Task description :: Produce as output only the lines below starting at the line with "Provide a succinct answer. Amount" and continuing through the line with "Keep it short and to the point. 2.00e+09.", each one exactly as written.

Records for this exercise ::
┏━━
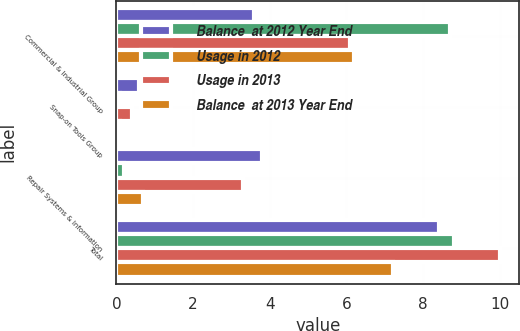<chart> <loc_0><loc_0><loc_500><loc_500><stacked_bar_chart><ecel><fcel>Commercial & Industrial Group<fcel>Snap-on Tools Group<fcel>Repair Systems & Information<fcel>Total<nl><fcel>Balance  at 2012 Year End<fcel>3.6<fcel>0.6<fcel>3.8<fcel>8.4<nl><fcel>Usage in 2012<fcel>8.7<fcel>0.1<fcel>0.2<fcel>8.8<nl><fcel>Usage in 2013<fcel>6.1<fcel>0.4<fcel>3.3<fcel>10<nl><fcel>Balance  at 2013 Year End<fcel>6.2<fcel>0.1<fcel>0.7<fcel>7.2<nl></chart> 
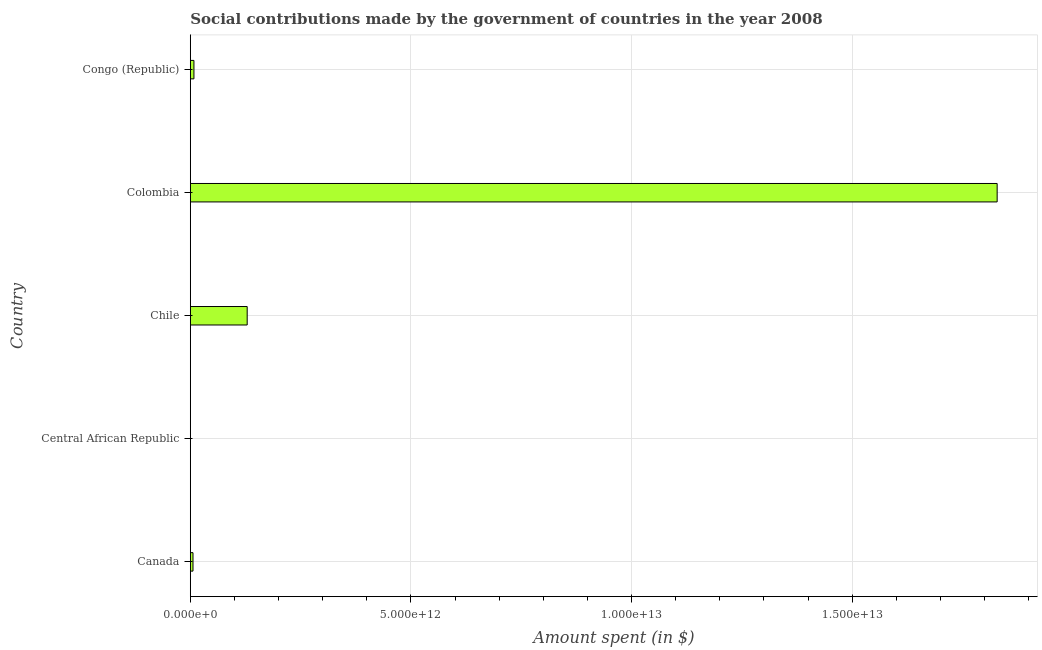Does the graph contain any zero values?
Your answer should be very brief. No. Does the graph contain grids?
Ensure brevity in your answer.  Yes. What is the title of the graph?
Offer a terse response. Social contributions made by the government of countries in the year 2008. What is the label or title of the X-axis?
Provide a succinct answer. Amount spent (in $). What is the amount spent in making social contributions in Chile?
Offer a terse response. 1.29e+12. Across all countries, what is the maximum amount spent in making social contributions?
Your answer should be very brief. 1.83e+13. Across all countries, what is the minimum amount spent in making social contributions?
Make the answer very short. 2.00e+09. In which country was the amount spent in making social contributions minimum?
Offer a terse response. Central African Republic. What is the sum of the amount spent in making social contributions?
Offer a terse response. 1.97e+13. What is the difference between the amount spent in making social contributions in Colombia and Congo (Republic)?
Provide a short and direct response. 1.82e+13. What is the average amount spent in making social contributions per country?
Provide a succinct answer. 3.94e+12. What is the median amount spent in making social contributions?
Keep it short and to the point. 8.27e+1. What is the ratio of the amount spent in making social contributions in Canada to that in Chile?
Offer a very short reply. 0.05. Is the amount spent in making social contributions in Canada less than that in Colombia?
Provide a short and direct response. Yes. What is the difference between the highest and the second highest amount spent in making social contributions?
Your response must be concise. 1.70e+13. What is the difference between the highest and the lowest amount spent in making social contributions?
Provide a short and direct response. 1.83e+13. In how many countries, is the amount spent in making social contributions greater than the average amount spent in making social contributions taken over all countries?
Your answer should be compact. 1. What is the difference between two consecutive major ticks on the X-axis?
Offer a terse response. 5.00e+12. Are the values on the major ticks of X-axis written in scientific E-notation?
Your answer should be very brief. Yes. What is the Amount spent (in $) in Canada?
Offer a very short reply. 6.13e+1. What is the Amount spent (in $) in Central African Republic?
Keep it short and to the point. 2.00e+09. What is the Amount spent (in $) of Chile?
Offer a very short reply. 1.29e+12. What is the Amount spent (in $) in Colombia?
Your answer should be compact. 1.83e+13. What is the Amount spent (in $) of Congo (Republic)?
Offer a terse response. 8.27e+1. What is the difference between the Amount spent (in $) in Canada and Central African Republic?
Offer a very short reply. 5.93e+1. What is the difference between the Amount spent (in $) in Canada and Chile?
Keep it short and to the point. -1.23e+12. What is the difference between the Amount spent (in $) in Canada and Colombia?
Your response must be concise. -1.82e+13. What is the difference between the Amount spent (in $) in Canada and Congo (Republic)?
Offer a terse response. -2.14e+1. What is the difference between the Amount spent (in $) in Central African Republic and Chile?
Your answer should be compact. -1.29e+12. What is the difference between the Amount spent (in $) in Central African Republic and Colombia?
Your answer should be very brief. -1.83e+13. What is the difference between the Amount spent (in $) in Central African Republic and Congo (Republic)?
Ensure brevity in your answer.  -8.07e+1. What is the difference between the Amount spent (in $) in Chile and Colombia?
Keep it short and to the point. -1.70e+13. What is the difference between the Amount spent (in $) in Chile and Congo (Republic)?
Make the answer very short. 1.21e+12. What is the difference between the Amount spent (in $) in Colombia and Congo (Republic)?
Offer a very short reply. 1.82e+13. What is the ratio of the Amount spent (in $) in Canada to that in Central African Republic?
Make the answer very short. 30.64. What is the ratio of the Amount spent (in $) in Canada to that in Chile?
Your answer should be very brief. 0.05. What is the ratio of the Amount spent (in $) in Canada to that in Colombia?
Ensure brevity in your answer.  0. What is the ratio of the Amount spent (in $) in Canada to that in Congo (Republic)?
Offer a terse response. 0.74. What is the ratio of the Amount spent (in $) in Central African Republic to that in Chile?
Your answer should be very brief. 0. What is the ratio of the Amount spent (in $) in Central African Republic to that in Congo (Republic)?
Offer a terse response. 0.02. What is the ratio of the Amount spent (in $) in Chile to that in Colombia?
Provide a short and direct response. 0.07. What is the ratio of the Amount spent (in $) in Chile to that in Congo (Republic)?
Your answer should be very brief. 15.59. What is the ratio of the Amount spent (in $) in Colombia to that in Congo (Republic)?
Your answer should be compact. 221.06.
┗━━
Your response ::
Provide a succinct answer. Amount spent (in $). What is the amount spent in making social contributions in Chile?
Offer a terse response. 1.29e+12. Across all countries, what is the maximum amount spent in making social contributions?
Your answer should be very brief. 1.83e+13. Across all countries, what is the minimum amount spent in making social contributions?
Make the answer very short. 2.00e+09. In which country was the amount spent in making social contributions minimum?
Offer a terse response. Central African Republic. What is the sum of the amount spent in making social contributions?
Offer a terse response. 1.97e+13. What is the difference between the amount spent in making social contributions in Colombia and Congo (Republic)?
Provide a short and direct response. 1.82e+13. What is the average amount spent in making social contributions per country?
Provide a succinct answer. 3.94e+12. What is the median amount spent in making social contributions?
Keep it short and to the point. 8.27e+1. What is the ratio of the amount spent in making social contributions in Canada to that in Chile?
Offer a very short reply. 0.05. Is the amount spent in making social contributions in Canada less than that in Colombia?
Provide a short and direct response. Yes. What is the difference between the highest and the second highest amount spent in making social contributions?
Your response must be concise. 1.70e+13. What is the difference between the highest and the lowest amount spent in making social contributions?
Provide a short and direct response. 1.83e+13. In how many countries, is the amount spent in making social contributions greater than the average amount spent in making social contributions taken over all countries?
Your answer should be compact. 1. What is the difference between two consecutive major ticks on the X-axis?
Offer a terse response. 5.00e+12. Are the values on the major ticks of X-axis written in scientific E-notation?
Your answer should be very brief. Yes. What is the Amount spent (in $) in Canada?
Offer a very short reply. 6.13e+1. What is the Amount spent (in $) in Central African Republic?
Keep it short and to the point. 2.00e+09. What is the Amount spent (in $) of Chile?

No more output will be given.